The Blog
The Art of Refactoring
GameBattles is one of our most popular sites, with an active user base in the millions. While we’ve dealt with sites in that scale before, this particular case has been no walk in the park. While we’re a Rails shop, the fact that the site is written in PHP actually has nothing to due with the difficulties we’ve encountered. The real problems are that the codebase is almost a decade old, has been developed by dozens of developers over that time, has grown organically with a clear roadmap defined only recently, and has almost never been refactored.
So, at various intervals over the last year, I (and others) have been digging into the site and trying to clean up what we can. It seemed that the process of what weve been doing is interesting, but talking about it at any length has been something I’ve hesitated to do, as I don’t like talking about something without quantifiable statistics. But, the fact of the matter is, programming is an art, not a science, and anyone who says different is selling something. And the real trick with refactoring is that it doesn’t meet any immediate business goals: it’s purpose is entirely human, as it entirely exists to make a clean and sane working environment. All of the tangible business gains (security, performance, developer velocity, etc.) are all secondary, and so unless your managers “get it,” it can be a hard thing to argue for.

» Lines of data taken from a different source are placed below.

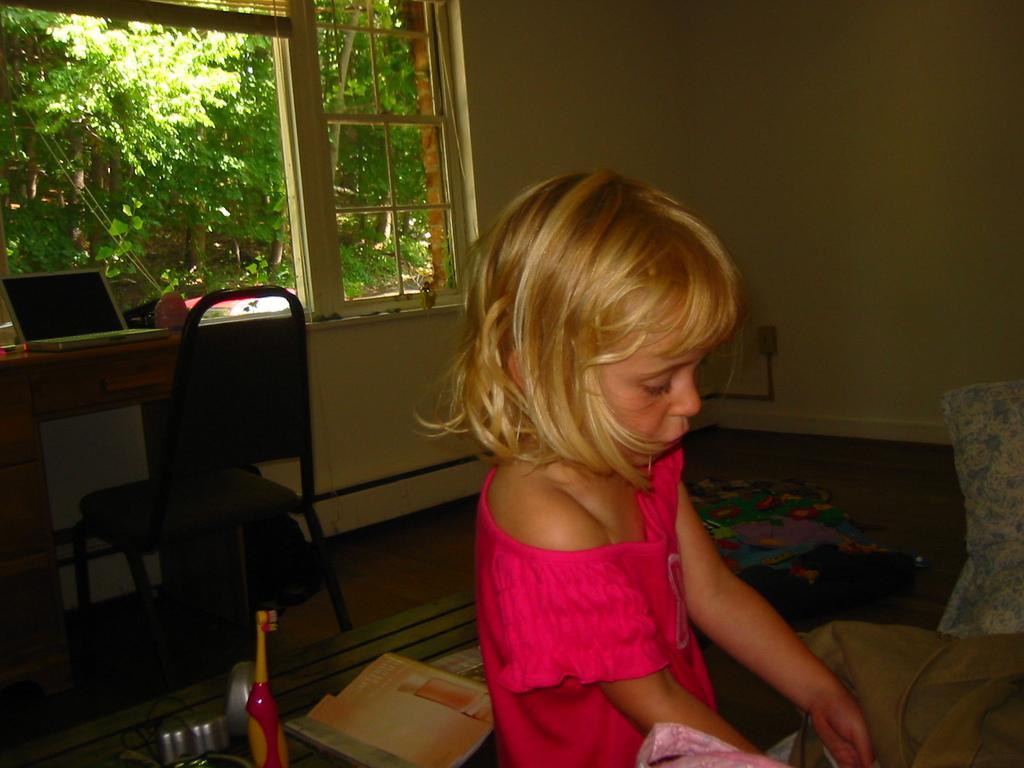Describe this image in one or two sentences. In this image I can see a girl wearing a pink color of dress. In the background I can see a chair, a laptop and number of trees. 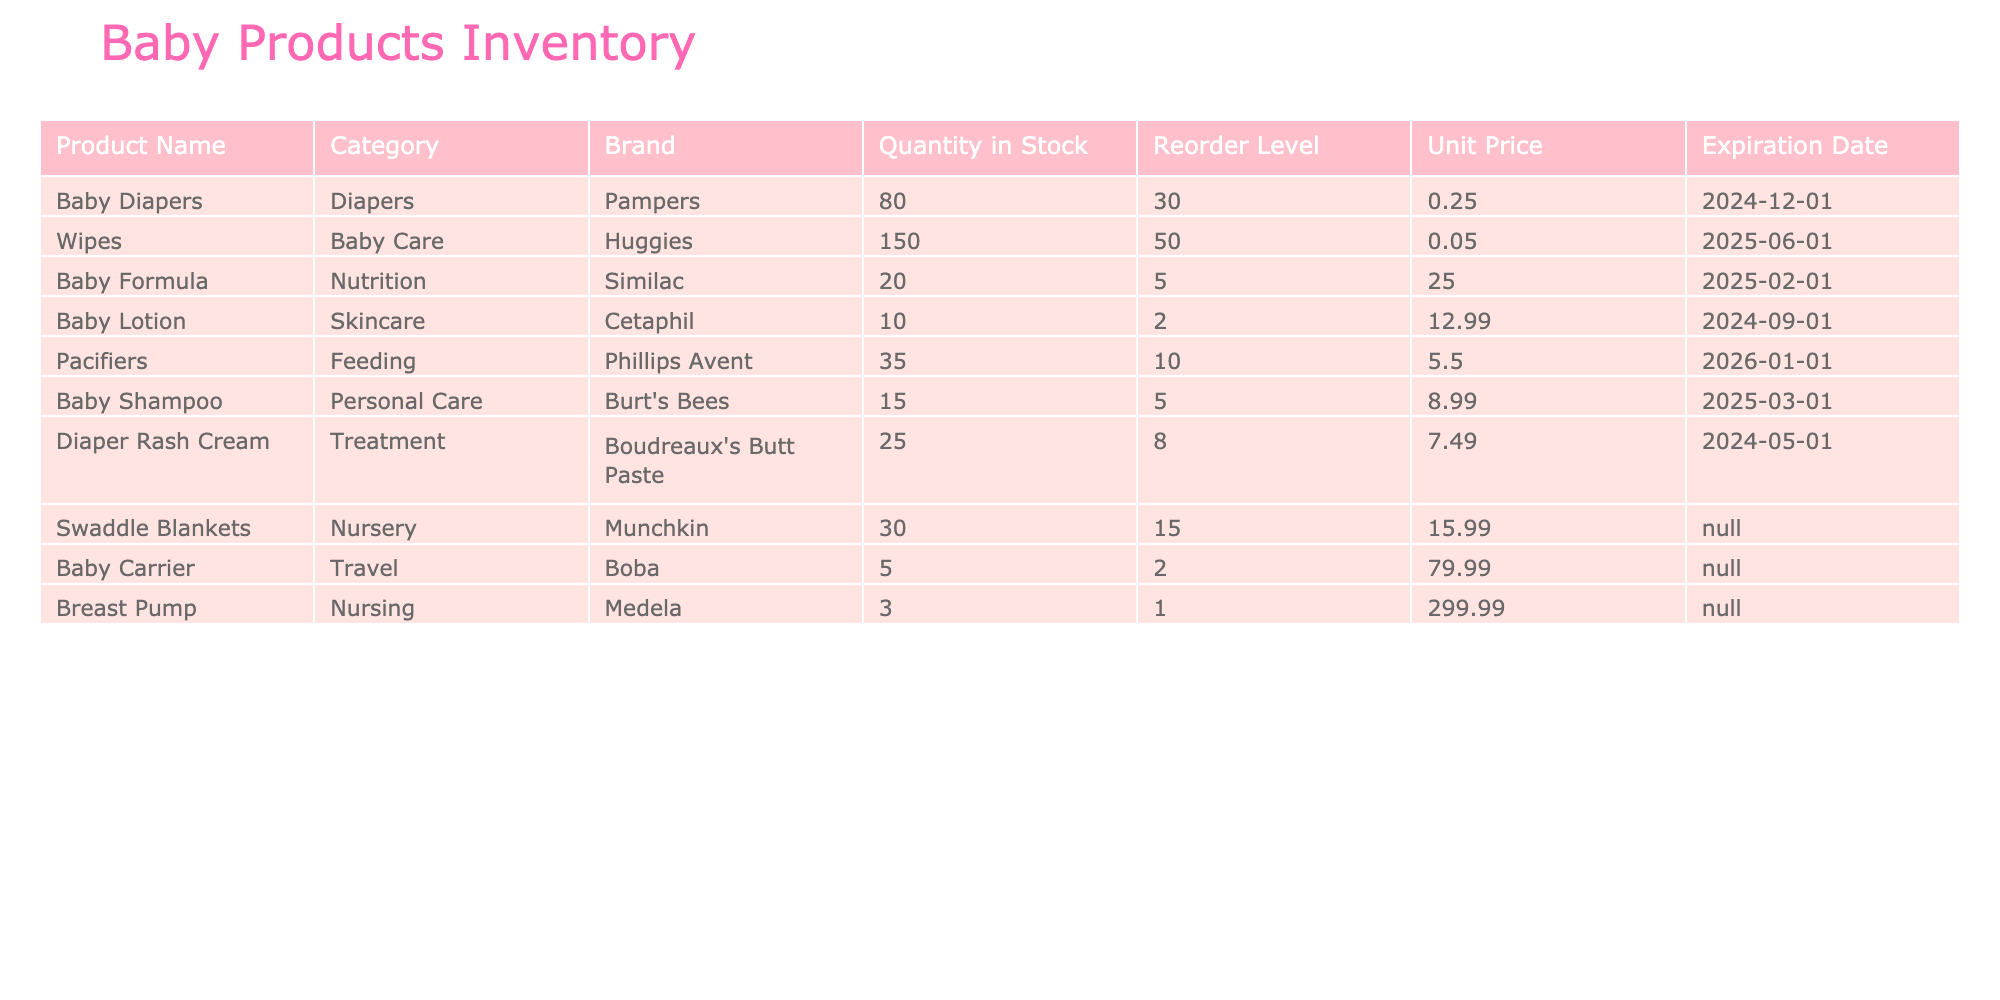What is the quantity in stock for Baby Diapers? The table shows a column for "Quantity in Stock" under the "Baby Diapers" row. The value listed is 80.
Answer: 80 What is the unit price of Baby Formula? The table lists the "Unit Price" for "Baby Formula" in its corresponding row, which is 25.00.
Answer: 25.00 Is the quantity in stock for Baby Lotion below the reorder level? The "Quantity in Stock" for Baby Lotion is 10, while the "Reorder Level" is 2. Since 10 is greater than 2, it is not below the reorder level.
Answer: No Which product has the highest unit price? By reviewing the "Unit Price" column, we find that the Breast Pump has the highest price at 299.99 compared to the other products listed.
Answer: Breast Pump What is the total quantity of products in stock that are below their reorder levels? The products with quantities below their reorder levels are Baby Lotion (10), Baby Carrier (5), and Breast Pump (3), totaling 18. This is calculated as 10 + 5 + 3 = 18.
Answer: 18 Are there any products that do not have an expiration date listed? By scanning the "Expiration Date" column, Swaddle Blankets and Baby Carrier do not have expiration dates listed (marked as N/A). Therefore, there are products without expiration dates.
Answer: Yes What is the average unit price of all the products? To find the average, sum the unit prices: (0.25 + 0.05 + 25.00 + 12.99 + 5.50 + 8.99 + 7.49 + 15.99 + 79.99 + 299.99) = 449.25. Then divide by the number of products (10). So, 449.25/10 = 44.93.
Answer: 44.93 How many products have a reorder level of 10 or more? Counting the products with a "Reorder Level" of 10 or more, we find Baby Diapers (30), Wipes (50), Baby Formula (5), Pacifiers (10), Diaper Rash Cream (8), and Breast Pump (1, but it is below) totals 6 products.
Answer: 6 What is the quantity of Wipes compared to the quantity of Baby Shampoo? The quantity of Wipes is 150, while Baby Shampoo has 15. This shows that there are 150 - 15 = 135 more Wipes than Baby Shampoo.
Answer: 135 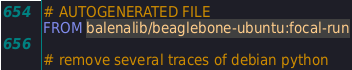Convert code to text. <code><loc_0><loc_0><loc_500><loc_500><_Dockerfile_># AUTOGENERATED FILE
FROM balenalib/beaglebone-ubuntu:focal-run

# remove several traces of debian python</code> 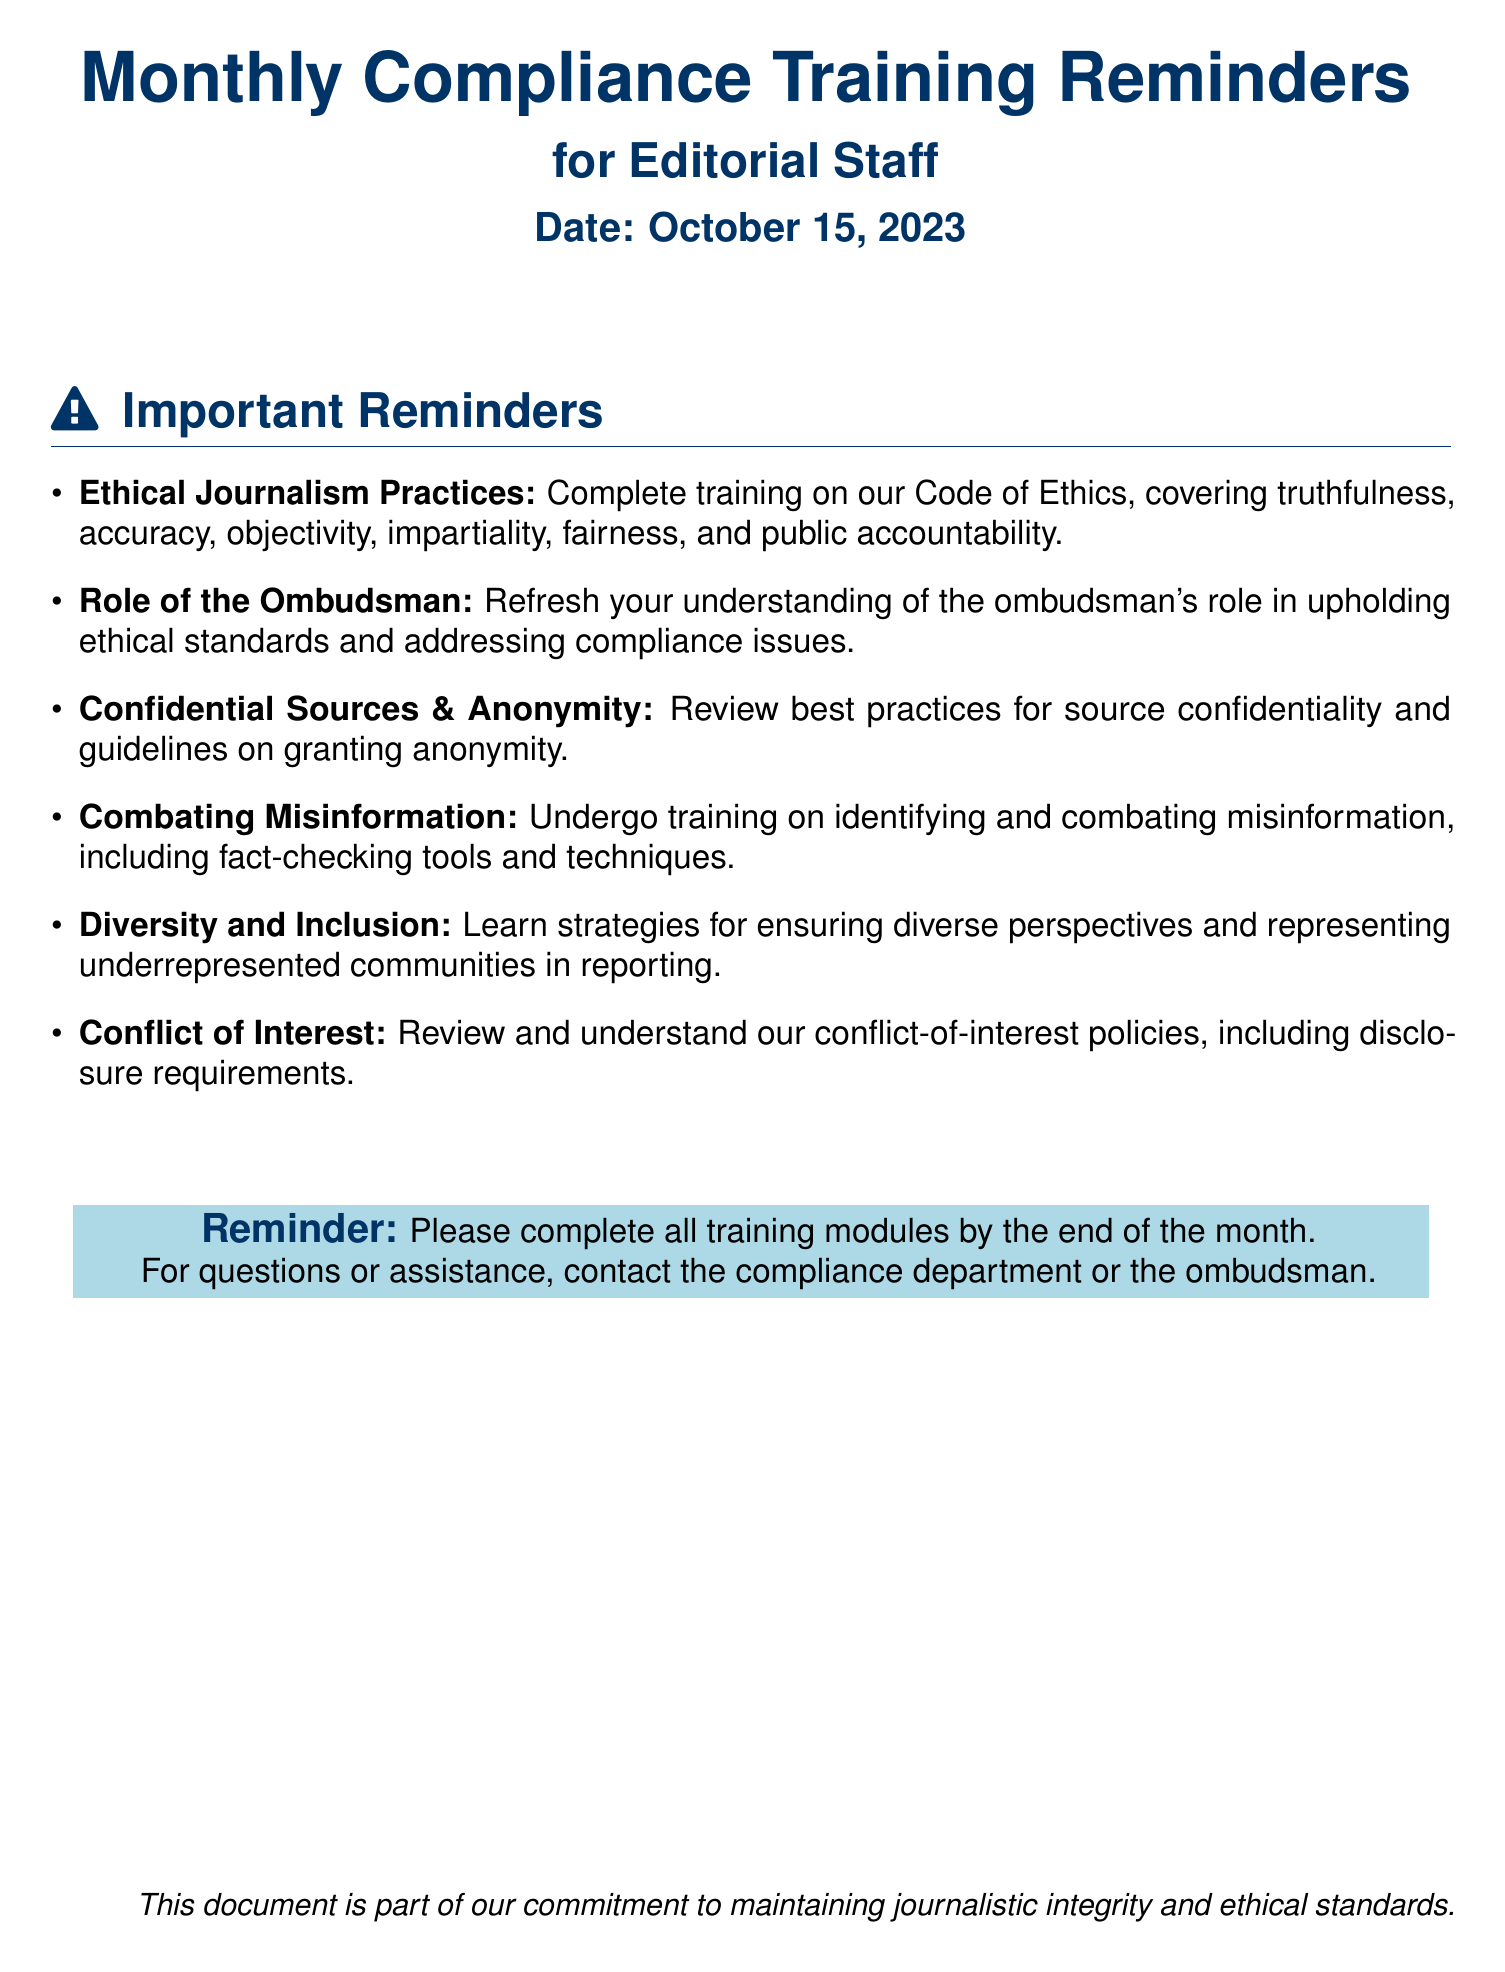What is the date of the document? The date is specified in the document header as the publication date of the reminders, which is outlined prominently.
Answer: October 15, 2023 What is the first training topic listed? The first training topic is the initial subject mentioned in the Important Reminders section, which highlights key areas for compliance training.
Answer: Ethical Journalism Practices How many training topics are mentioned? The total number of topics is determined by counting the bullet points provided in the Important Reminders section.
Answer: Six What is the main focus of the ombudsman's role as highlighted in the document? The role is elaborated upon in the second bullet point, indicating responsibility surrounding ethical standards and compliance.
Answer: Upholding ethical standards What should editorial staff review regarding sources? The list includes specific guidelines and best practices that are critical for maintaining ethical journalism involving sources.
Answer: Confidential Sources & Anonymity What must be completed by the end of the month? The reminder emphasizes the completion of essential training modules as a deadline for editorial staff's compliance efforts.
Answer: All training modules

In our case, it’s no secret that GameBattles’ stability was going downhill, and so we needed to do something. And the only way for us to be able to audit for problems was to make the codebase manageable.
Let me give you a sense of where we started: the code was in version control, but only in the technical sense of the word; in reality, SVN was being used more as an excessively complicated rsync—it was a means to transport code from one developer machine to many web servers. The repository was over two gigabytes in size, about a third of which was PHP code, and the remainder being static assets. (And this is in addition to static assets housed elsewhere, such as on our CDN.) There were at least four PHP frameworks and three CMSs. Some of the code was object-oriented PHP5, but plotting a class diagram would have required at least four dimensions. If you think you’ve seen spaghetti code, think again: walking into this mess was like walking into the alien hive.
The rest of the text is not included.